### Supplied entries
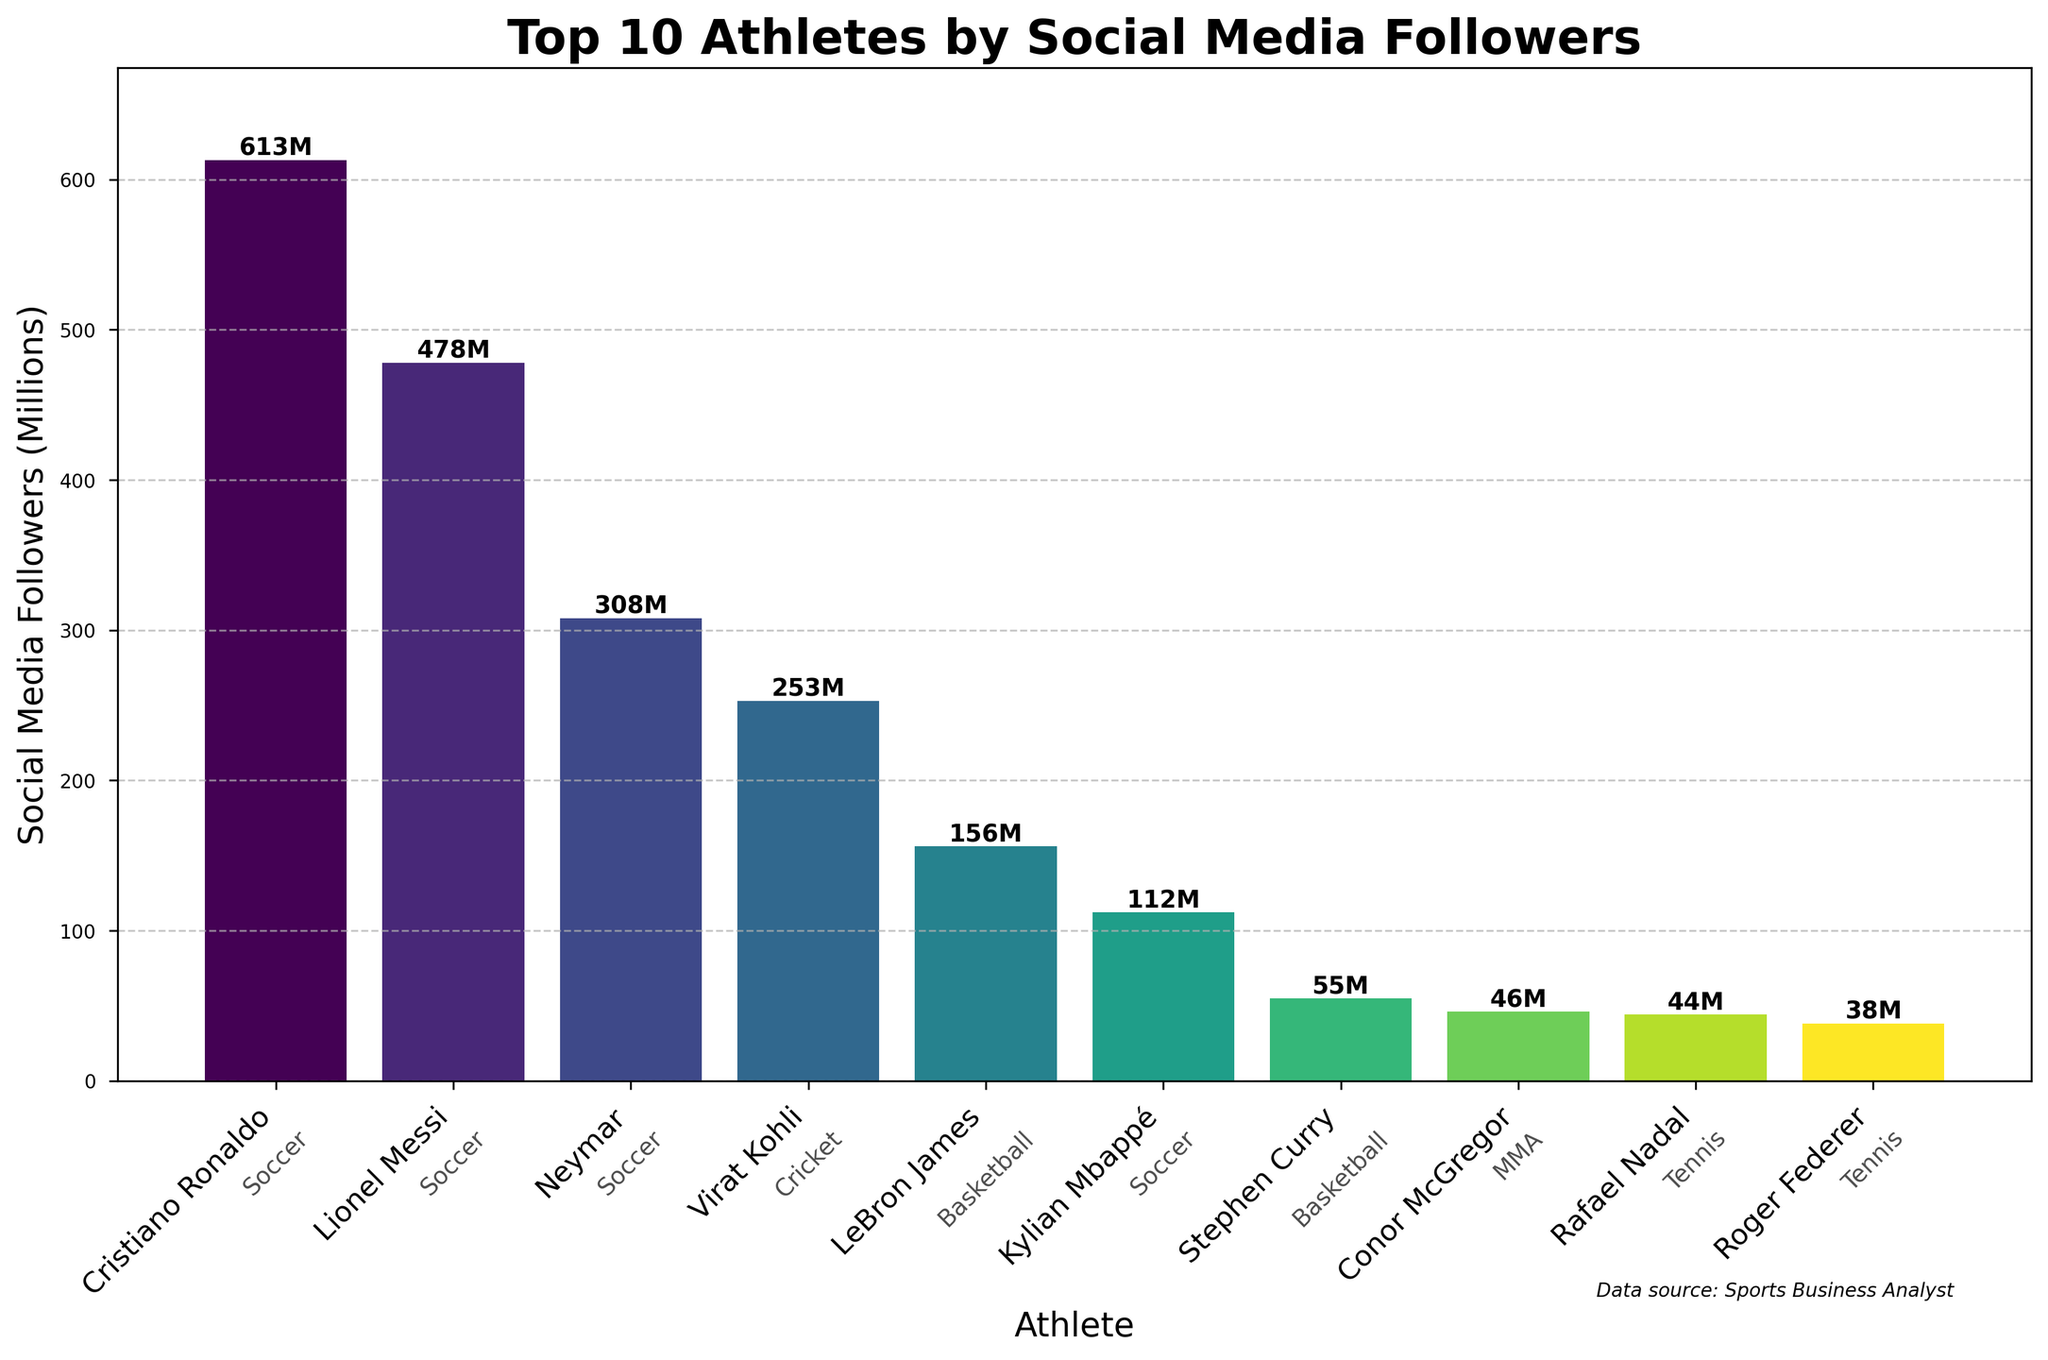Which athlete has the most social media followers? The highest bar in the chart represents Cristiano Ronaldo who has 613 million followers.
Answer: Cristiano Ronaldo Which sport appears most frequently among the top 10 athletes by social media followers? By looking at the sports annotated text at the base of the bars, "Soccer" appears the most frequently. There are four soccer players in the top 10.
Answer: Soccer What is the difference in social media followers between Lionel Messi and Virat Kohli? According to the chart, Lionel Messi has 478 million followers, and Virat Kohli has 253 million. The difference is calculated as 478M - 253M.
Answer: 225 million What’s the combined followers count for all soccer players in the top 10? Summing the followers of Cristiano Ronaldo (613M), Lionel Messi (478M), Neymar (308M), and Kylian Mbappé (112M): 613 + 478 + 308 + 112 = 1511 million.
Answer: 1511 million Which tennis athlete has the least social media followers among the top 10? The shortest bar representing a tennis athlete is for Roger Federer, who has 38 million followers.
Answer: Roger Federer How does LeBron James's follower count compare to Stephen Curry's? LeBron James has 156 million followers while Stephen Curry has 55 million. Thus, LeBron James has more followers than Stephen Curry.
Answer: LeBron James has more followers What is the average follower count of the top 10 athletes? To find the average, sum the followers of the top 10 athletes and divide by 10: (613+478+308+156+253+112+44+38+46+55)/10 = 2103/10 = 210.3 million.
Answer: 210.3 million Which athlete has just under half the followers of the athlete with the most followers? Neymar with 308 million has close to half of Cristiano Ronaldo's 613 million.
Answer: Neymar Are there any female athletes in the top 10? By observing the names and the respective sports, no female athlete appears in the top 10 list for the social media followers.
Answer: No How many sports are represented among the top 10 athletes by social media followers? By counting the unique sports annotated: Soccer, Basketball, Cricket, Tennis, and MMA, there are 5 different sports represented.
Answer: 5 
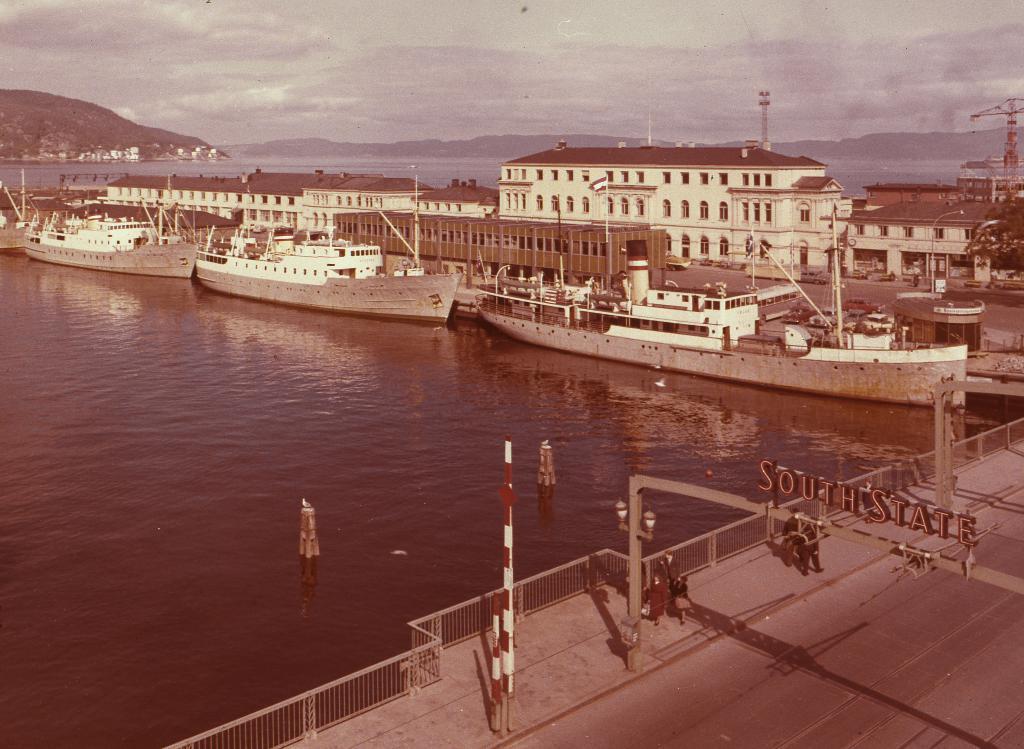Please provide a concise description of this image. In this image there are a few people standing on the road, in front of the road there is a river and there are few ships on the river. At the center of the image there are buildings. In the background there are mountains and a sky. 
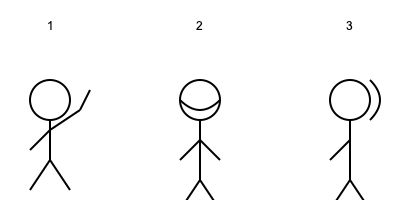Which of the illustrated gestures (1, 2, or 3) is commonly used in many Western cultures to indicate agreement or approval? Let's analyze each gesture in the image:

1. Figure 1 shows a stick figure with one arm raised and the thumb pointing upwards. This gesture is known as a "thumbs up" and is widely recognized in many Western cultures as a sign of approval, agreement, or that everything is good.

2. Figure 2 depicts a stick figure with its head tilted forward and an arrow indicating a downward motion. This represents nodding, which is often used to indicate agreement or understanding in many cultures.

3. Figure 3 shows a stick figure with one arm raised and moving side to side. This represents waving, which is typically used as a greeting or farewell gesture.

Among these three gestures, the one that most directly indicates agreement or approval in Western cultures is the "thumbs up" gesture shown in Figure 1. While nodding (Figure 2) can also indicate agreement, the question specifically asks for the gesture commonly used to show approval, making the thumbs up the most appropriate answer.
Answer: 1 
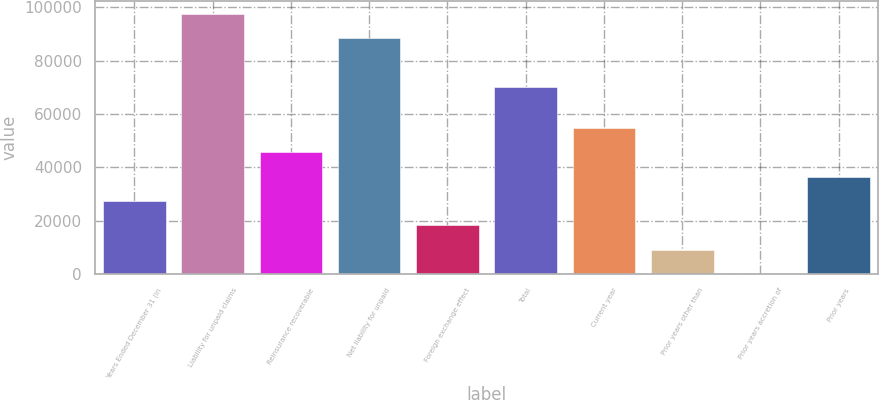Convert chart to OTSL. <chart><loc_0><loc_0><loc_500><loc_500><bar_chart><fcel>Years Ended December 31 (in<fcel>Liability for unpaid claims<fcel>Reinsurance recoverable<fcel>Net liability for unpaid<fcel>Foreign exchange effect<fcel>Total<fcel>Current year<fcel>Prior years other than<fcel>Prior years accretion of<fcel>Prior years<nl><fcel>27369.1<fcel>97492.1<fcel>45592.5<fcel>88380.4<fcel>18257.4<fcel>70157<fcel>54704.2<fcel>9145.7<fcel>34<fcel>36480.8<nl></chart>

### What you are asked to do
Your task is to repeat the data above exactly while excluding the pictures.

### Exercise answer
Which athlete has the most social media followers? The highest bar in the chart represents Cristiano Ronaldo who has 613 million followers.
Answer: Cristiano Ronaldo Which sport appears most frequently among the top 10 athletes by social media followers? By looking at the sports annotated text at the base of the bars, "Soccer" appears the most frequently. There are four soccer players in the top 10.
Answer: Soccer What is the difference in social media followers between Lionel Messi and Virat Kohli? According to the chart, Lionel Messi has 478 million followers, and Virat Kohli has 253 million. The difference is calculated as 478M - 253M.
Answer: 225 million What’s the combined followers count for all soccer players in the top 10? Summing the followers of Cristiano Ronaldo (613M), Lionel Messi (478M), Neymar (308M), and Kylian Mbappé (112M): 613 + 478 + 308 + 112 = 1511 million.
Answer: 1511 million Which tennis athlete has the least social media followers among the top 10? The shortest bar representing a tennis athlete is for Roger Federer, who has 38 million followers.
Answer: Roger Federer How does LeBron James's follower count compare to Stephen Curry's? LeBron James has 156 million followers while Stephen Curry has 55 million. Thus, LeBron James has more followers than Stephen Curry.
Answer: LeBron James has more followers What is the average follower count of the top 10 athletes? To find the average, sum the followers of the top 10 athletes and divide by 10: (613+478+308+156+253+112+44+38+46+55)/10 = 2103/10 = 210.3 million.
Answer: 210.3 million Which athlete has just under half the followers of the athlete with the most followers? Neymar with 308 million has close to half of Cristiano Ronaldo's 613 million.
Answer: Neymar Are there any female athletes in the top 10? By observing the names and the respective sports, no female athlete appears in the top 10 list for the social media followers.
Answer: No How many sports are represented among the top 10 athletes by social media followers? By counting the unique sports annotated: Soccer, Basketball, Cricket, Tennis, and MMA, there are 5 different sports represented.
Answer: 5 
Please provide a concise description of this image. In this image there are a few people standing on the road, in front of the road there is a river and there are few ships on the river. At the center of the image there are buildings. In the background there are mountains and a sky. 
Which of the illustrated gestures (1, 2, or 3) is commonly used in many Western cultures to indicate agreement or approval? Let's analyze each gesture in the image:

1. Figure 1 shows a stick figure with one arm raised and the thumb pointing upwards. This gesture is known as a "thumbs up" and is widely recognized in many Western cultures as a sign of approval, agreement, or that everything is good.

2. Figure 2 depicts a stick figure with its head tilted forward and an arrow indicating a downward motion. This represents nodding, which is often used to indicate agreement or understanding in many cultures.

3. Figure 3 shows a stick figure with one arm raised and moving side to side. This represents waving, which is typically used as a greeting or farewell gesture.

Among these three gestures, the one that most directly indicates agreement or approval in Western cultures is the "thumbs up" gesture shown in Figure 1. While nodding (Figure 2) can also indicate agreement, the question specifically asks for the gesture commonly used to show approval, making the thumbs up the most appropriate answer.
Answer: 1 
Convert chart to OTSL. <chart><loc_0><loc_0><loc_500><loc_500><bar_chart><fcel>Years Ended December 31 (in<fcel>Liability for unpaid claims<fcel>Reinsurance recoverable<fcel>Net liability for unpaid<fcel>Foreign exchange effect<fcel>Total<fcel>Current year<fcel>Prior years other than<fcel>Prior years accretion of<fcel>Prior years<nl><fcel>27369.1<fcel>97492.1<fcel>45592.5<fcel>88380.4<fcel>18257.4<fcel>70157<fcel>54704.2<fcel>9145.7<fcel>34<fcel>36480.8<nl></chart>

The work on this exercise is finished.